Commodities: Cattle futures poised to drop

CHICAGO: U.S. cattle futures may fall from recent record highs as the rally in prices encourages producers to sell more animals and as high beef costs slow consumer demand, some feedlot owners say.
calendar icon 12 March 2007
clock icon 1 minute read
Cattle for April delivery rose to a record $1.0175 a pound Friday on the Chicago Mercantile Exchange, and prices have jumped more than 20 percent in the past year. Wholesale beef prices have jumped 10 percent in the past month to $1.5963 a pound, the highest since December 2005.

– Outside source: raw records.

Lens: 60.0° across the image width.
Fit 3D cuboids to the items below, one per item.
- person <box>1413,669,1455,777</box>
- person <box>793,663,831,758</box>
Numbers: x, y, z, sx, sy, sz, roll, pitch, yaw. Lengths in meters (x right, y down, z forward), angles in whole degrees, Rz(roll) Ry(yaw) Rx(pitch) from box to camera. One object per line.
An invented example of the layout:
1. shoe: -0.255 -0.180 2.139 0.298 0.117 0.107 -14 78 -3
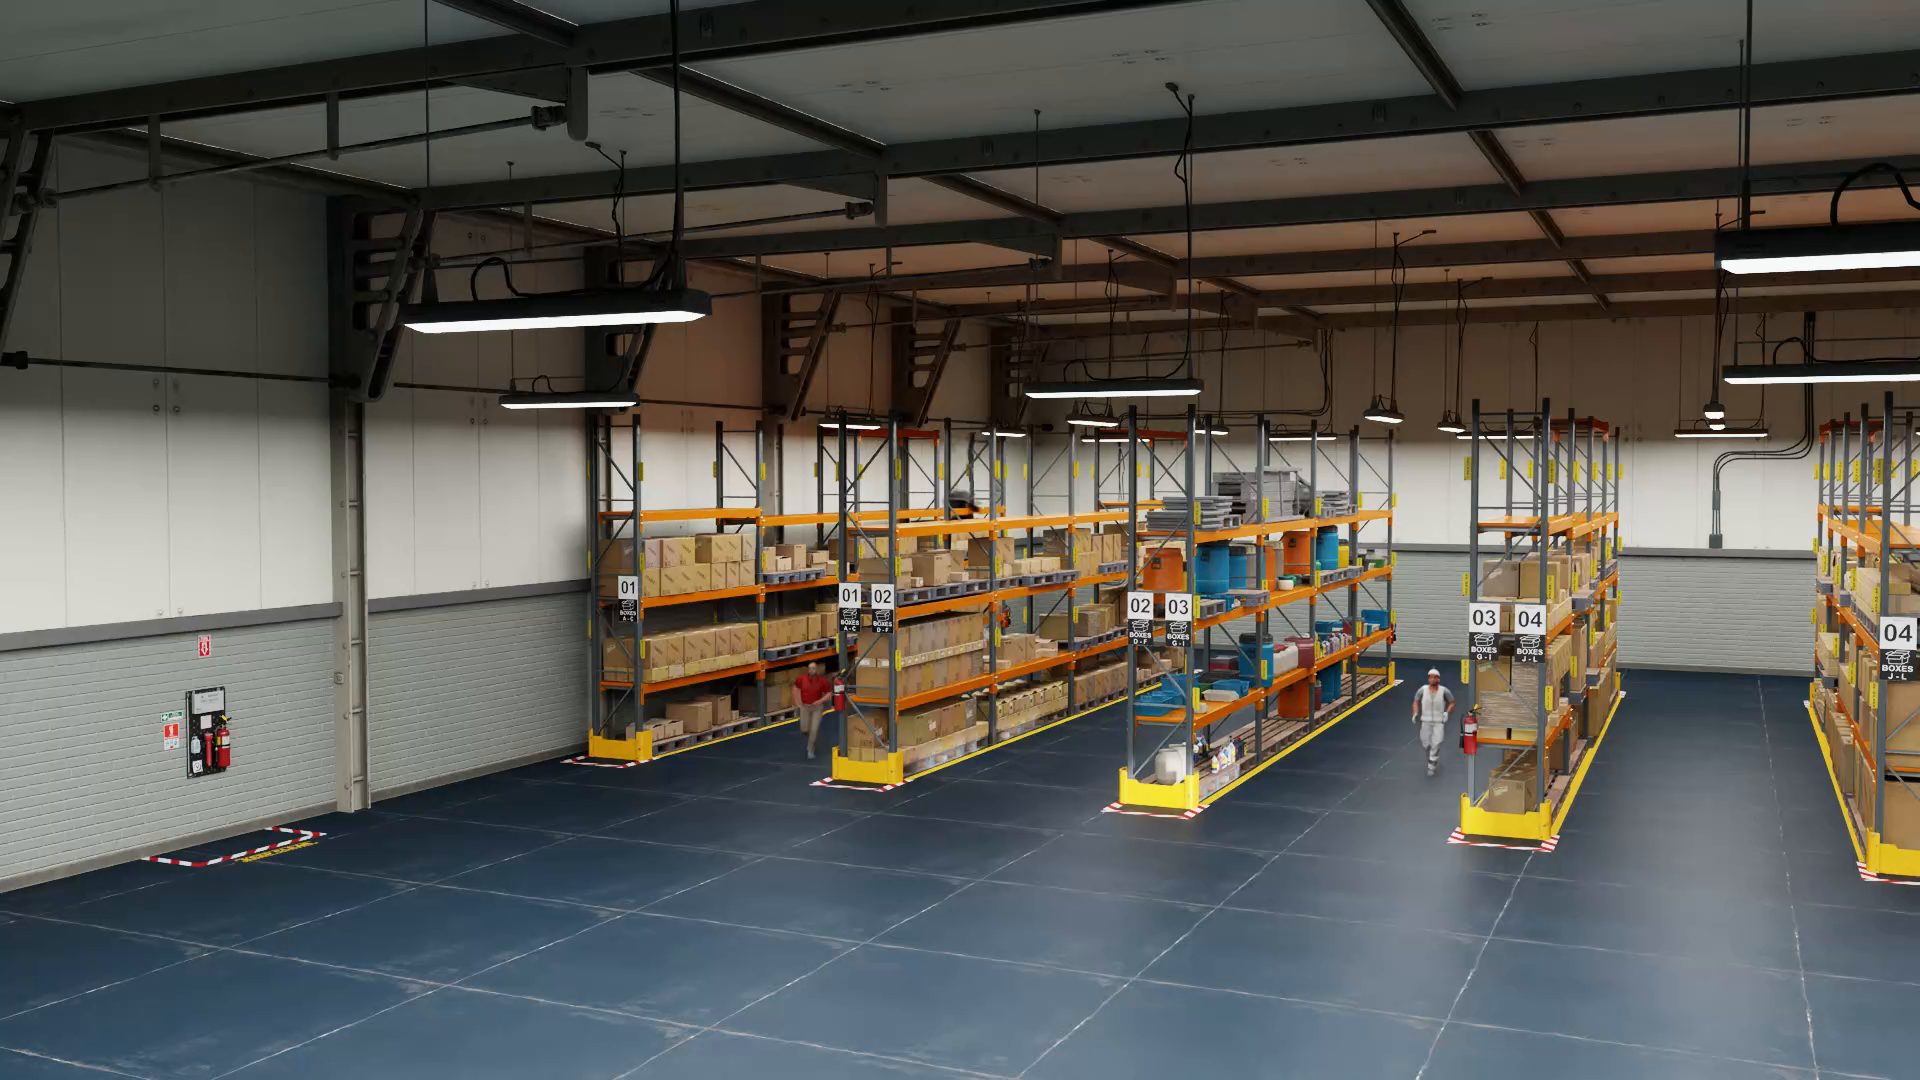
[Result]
1. person: 7.853 3.011 27.556 0.670 1.752 0.603 1 2 20
2. person: -2.606 2.978 29.199 0.702 1.676 0.705 0 2 7

Feedlot owners, who fatten cattle to be sold for slaughter, are getting 97 cents to $1 a pound, enough to encourage more sales to processors, said Chris Hitch, a vice president at Hitch Enterprises in Guymon, Oklahoma, an owner of feedlots in Oklahoma and Kansas that can hold about 150,000 head of cattle.

"We're willing sellers at that price," Hitch said. "We say, 'It's overpriced,' or 'Packers are going to cut kills,' and we talk ourselves into the idea that we're getting too much for our own cattle."

Cattle prices have risen on concerns about supply after four blizzards last month, and on high corn feed prices. Corn has jumped 81 percent in the past year to a 10-year high of about $4.19 a bushel.